Why are New York Newspapers Hampering the Nixzmary Brown Case?

Nixzmary Brown was a little girl here in New York who was tortured for years and finally murdered by the degenerate wife beating child molester Caesar Rodriguez. The mother, an unassimilated immigrant who needed a translator at trial, was no prize either. She sat by as the seven year old was bound to chairs, sexually assaulted, and literally starved half to death before the man she so desperately loved murdered the girl in a savage attack. These two people need to be punished for their disgusting crimes.

And right now reporters from The New York Times and The NY post are hampering their prosecution. The question is why? From CSB:

The cases against Cesar Rodriguez and Nixaliz Santiago took another strange turn today as prosecutors attempted to subpoena two reporters who spoke with the defendants shortly after they were arrested and charged with killing Nixzmary Brown.

In separate jailhouse interviews conducted at Riker’s Island, both Rodriguez and Santiago related the events of that night to reporters.

[…]

Even though prosecutors have police interviews where Cesar details, in cold detail, what happened that night, defense attorneys have already begun to argue that the police questioned the him without giving him proper access to an attorney.

In Santiago’s case, her lawyers claim that police fed her the story she gave during police questioning, worried that they would not let her see her other children.

The two newspapers, The New York Times and The New York Post both are fighting the subpoenas, claiming that if reporters are required to speak about what they are told in interviews, that it could jeopardize their ability to cover future stories. It is believed that if people are worried that reporters will divulge information they learned in interviews that they will be more hesitant to speak with reporters.

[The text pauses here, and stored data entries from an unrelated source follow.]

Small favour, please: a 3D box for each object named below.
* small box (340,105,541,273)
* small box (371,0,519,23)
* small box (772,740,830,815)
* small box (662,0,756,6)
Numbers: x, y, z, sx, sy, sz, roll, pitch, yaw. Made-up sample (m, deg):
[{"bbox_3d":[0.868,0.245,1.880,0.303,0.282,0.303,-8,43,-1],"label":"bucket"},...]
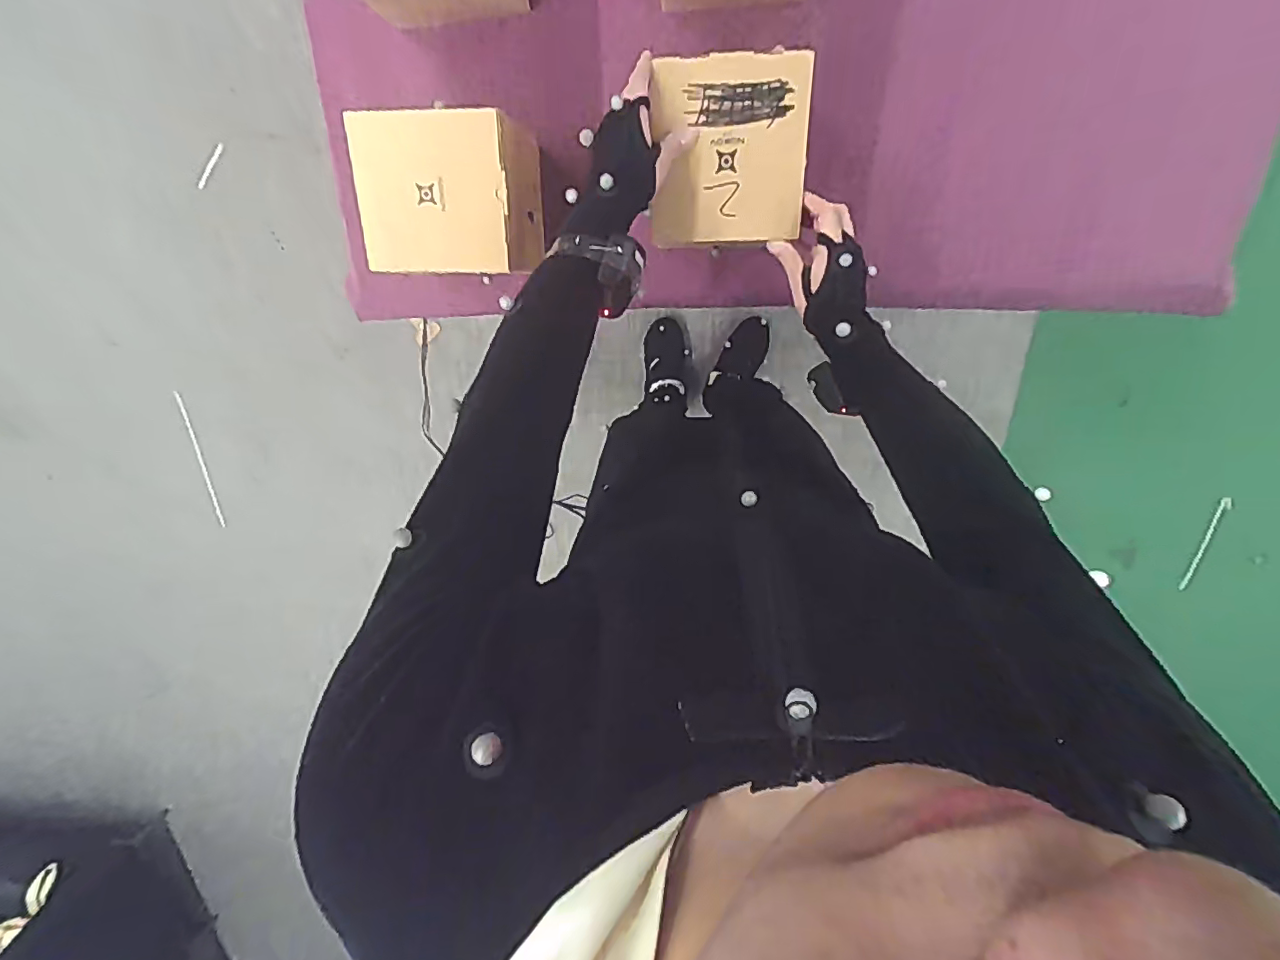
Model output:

Disgusting. These reporters are putting the image of reporting as “the noble profession” they’ve been cultivating before their civic and moral responsibilities. Read the whole post, which includes contact info for those of you who want to tell these two papers exactly what you think of their decision to put pretension ahead of justice for a seven year old murder victim.

So why are these reporters hampering the prosecution? The answer is simple: they care more about what their colleagues think of them than about that poor little girl.